Thanks Miles, I am glad you gave me a post to respond to.

"I don't like to be managed. But if you lead me, I'll follow you anywhere." In all fairness, management usually is the red headed step child of leadership. Throughout this class we have effectively squashed management in favor of leadership in almost every situation. We have painted management in a cold, aggressive, impotent spotlight. Management is what bad leaders do. I am here to resurrect management. Yes, I agree that an individual leads people while an individual usually manages tasks. Fair enough. But a leader who cannot manage is ineffective. A true leader knows how to manage effectively while leading. Management focuses on work. We manage activities such as money, time, paperwork, materials, equipment, etc. Management is how “stuff gets done.” Effective Leadership, in any capacity provides vision, direction, modeling, and motivation. But if you stay there without taking the strategic plan to implement vision, you might as well have never communicated vision in the first place.

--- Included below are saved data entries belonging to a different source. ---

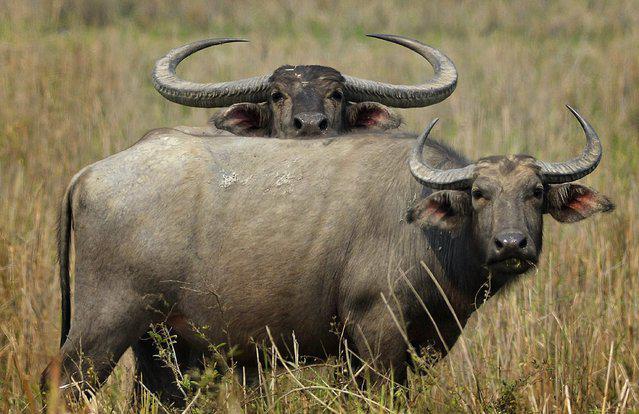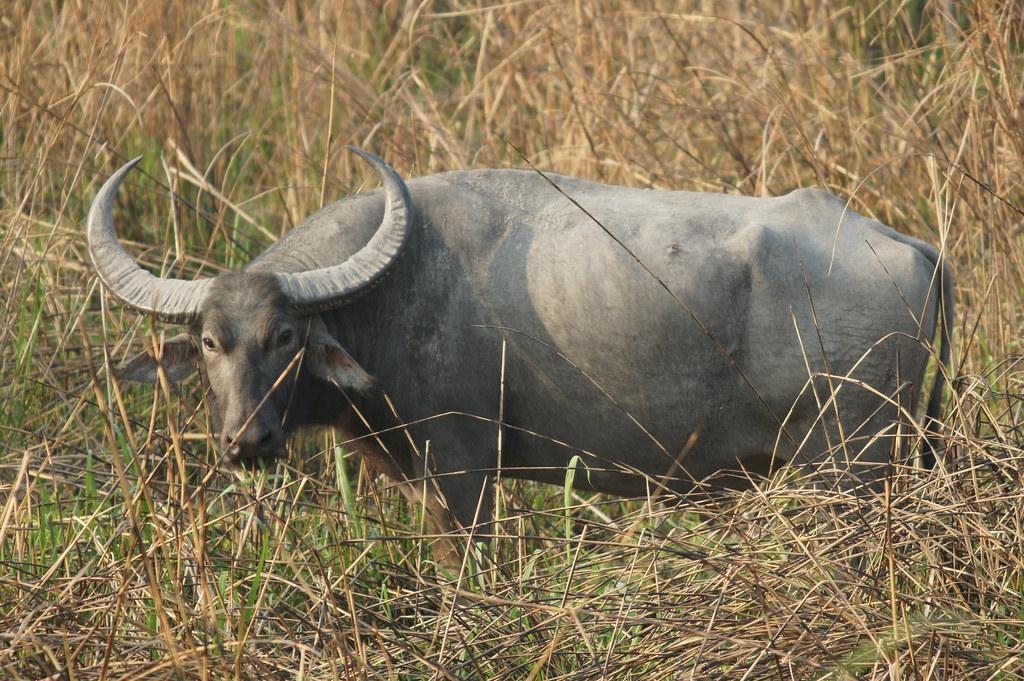The first image is the image on the left, the second image is the image on the right. For the images displayed, is the sentence "One of the images contains at least three water buffalo." factually correct? Answer yes or no. No. The first image is the image on the left, the second image is the image on the right. Evaluate the accuracy of this statement regarding the images: "There is exactly one animal in the image on the right.". Is it true? Answer yes or no. Yes. 
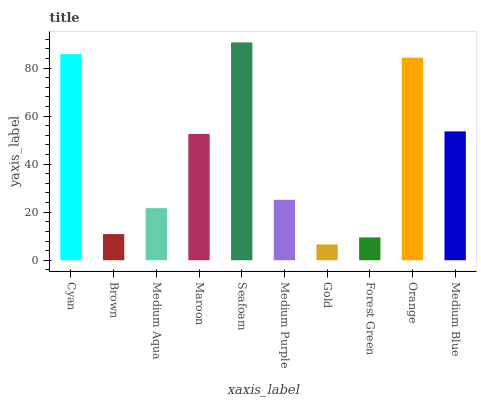Is Gold the minimum?
Answer yes or no. Yes. Is Seafoam the maximum?
Answer yes or no. Yes. Is Brown the minimum?
Answer yes or no. No. Is Brown the maximum?
Answer yes or no. No. Is Cyan greater than Brown?
Answer yes or no. Yes. Is Brown less than Cyan?
Answer yes or no. Yes. Is Brown greater than Cyan?
Answer yes or no. No. Is Cyan less than Brown?
Answer yes or no. No. Is Maroon the high median?
Answer yes or no. Yes. Is Medium Purple the low median?
Answer yes or no. Yes. Is Gold the high median?
Answer yes or no. No. Is Orange the low median?
Answer yes or no. No. 
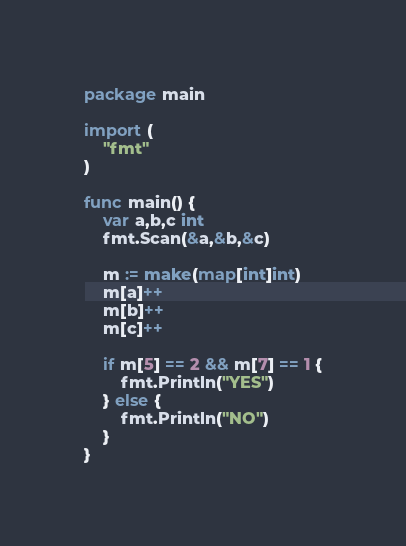Convert code to text. <code><loc_0><loc_0><loc_500><loc_500><_Go_>package main

import (
	"fmt"
)

func main() {
	var a,b,c int
	fmt.Scan(&a,&b,&c)

	m := make(map[int]int)
	m[a]++
	m[b]++
	m[c]++

	if m[5] == 2 && m[7] == 1 {
		fmt.Println("YES")
	} else {
		fmt.Println("NO")
	}
}
</code> 
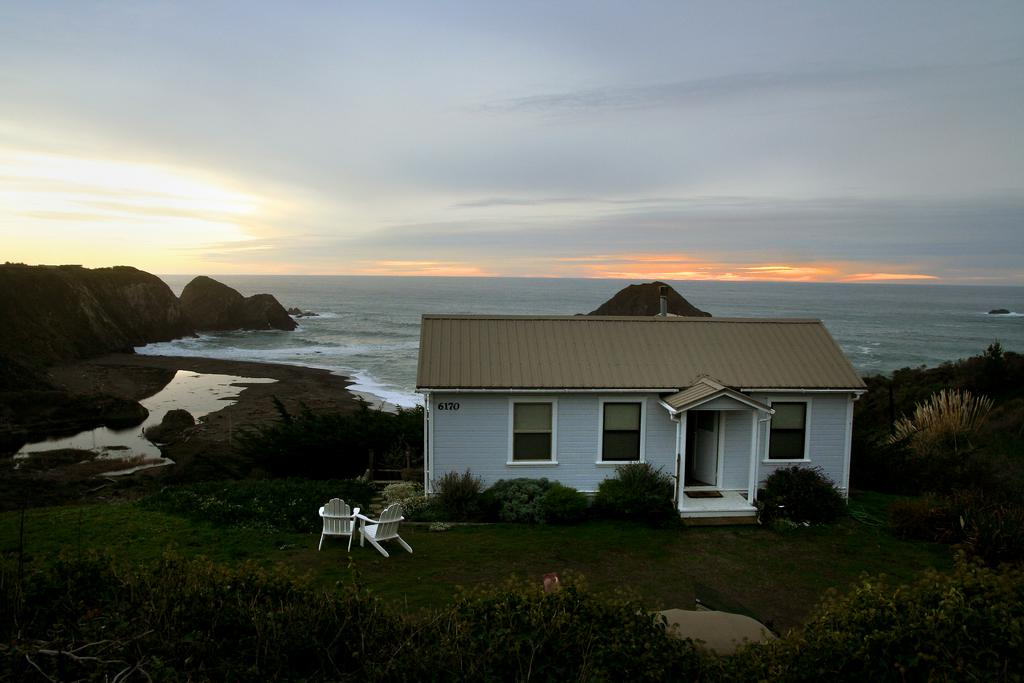What type of structure is in the image? There is a house in the image. What type of furniture is in the image? There are chairs in the image. What natural feature is visible in the image? There is water visible in the image. What type of landscape can be seen in the image? There are hills in the image. What is visible in the sky in the image? The sky is visible in the image, and clouds are present. What type of badge is being used to copy the wrench in the image? There is no badge, wrench, or copying activity present in the image. 
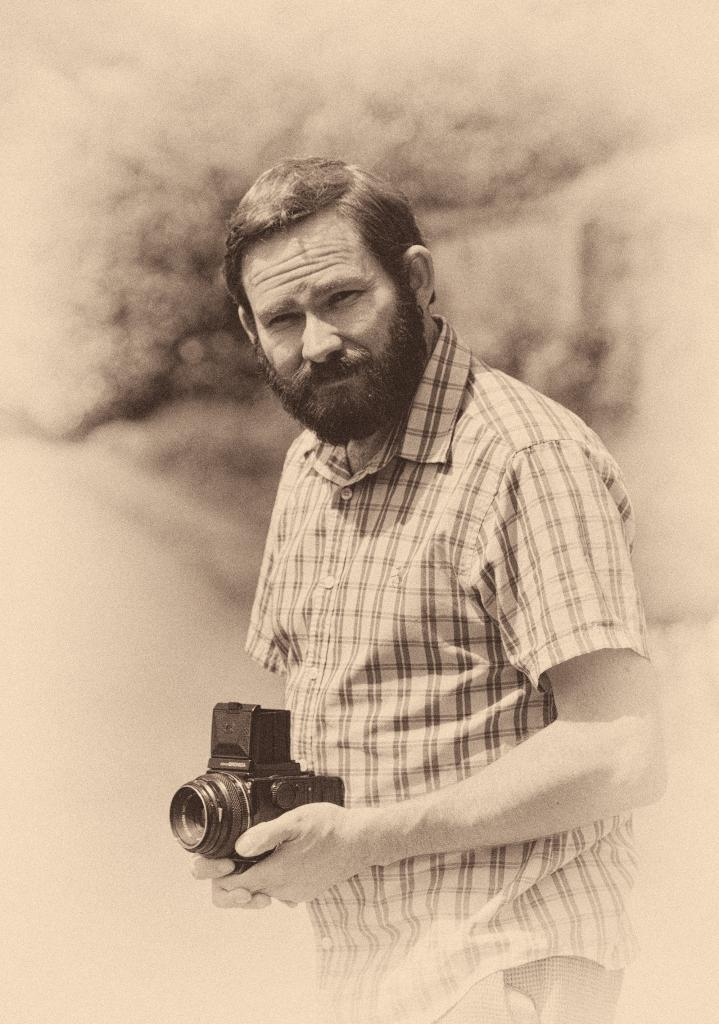What is the main subject of the image? The main subject of the image is a man. Can you describe the man's clothing? The man is wearing a red checkered shirt with a pattern of small squares, commonly referred to as a red checkered shirt. What is the man holding in his hand? The man is holding a camera in his hand. What facial feature does the man have? The man has a beard. What type of jam is the man spreading on the crate in the image? There is no crate or jam present in the image; the man is holding a camera and wearing a red checkered shirt.

It's vital for individuals in positions of great responsibility to be able to play both roles: the pastor who cannot manage will kill a church just as fast as one who cannot lead. “But the person who can do both, they are on the path to success.” The goal of leadership should not be to avoid management to utilize management for productivity. Again, balance between vision casting and management is essential to a successful church. Churches need to be led, but they also need to be managed.

2 comments:

  1. Management is focusing on work, and leadership is focused on people, or this seems like a sound implied summary of your points.
    You are right that vision alone does little. Imagination, and an ability to dream of better days for people are great but if we can’t bring those things into a shared reality, we are simply daydreamers; the same thing so many of us got in trouble for in middle school. So management is as important as the vision itself. I suggest that management need not come from the same person that holds/casts the vision, but that person must at least be able to identify the person with whom they can work WITH, (not pass off to) to bring that vision to reality.
    I’m not a natural administrator/manager, and have worked very hard to develop those skills. When taking over a ministry at my church I immediately, and subconsciously felt that success would come from great and detailed planning. My pastor quickly saw this and encouraged me back to my strengths, encouraging me to “pastor” the people I lead, not simply plan events. In this case pastoring is leading. He also pointed out that the difference between a philosopher and a revolutionary is in implementation. Implementation is successful management.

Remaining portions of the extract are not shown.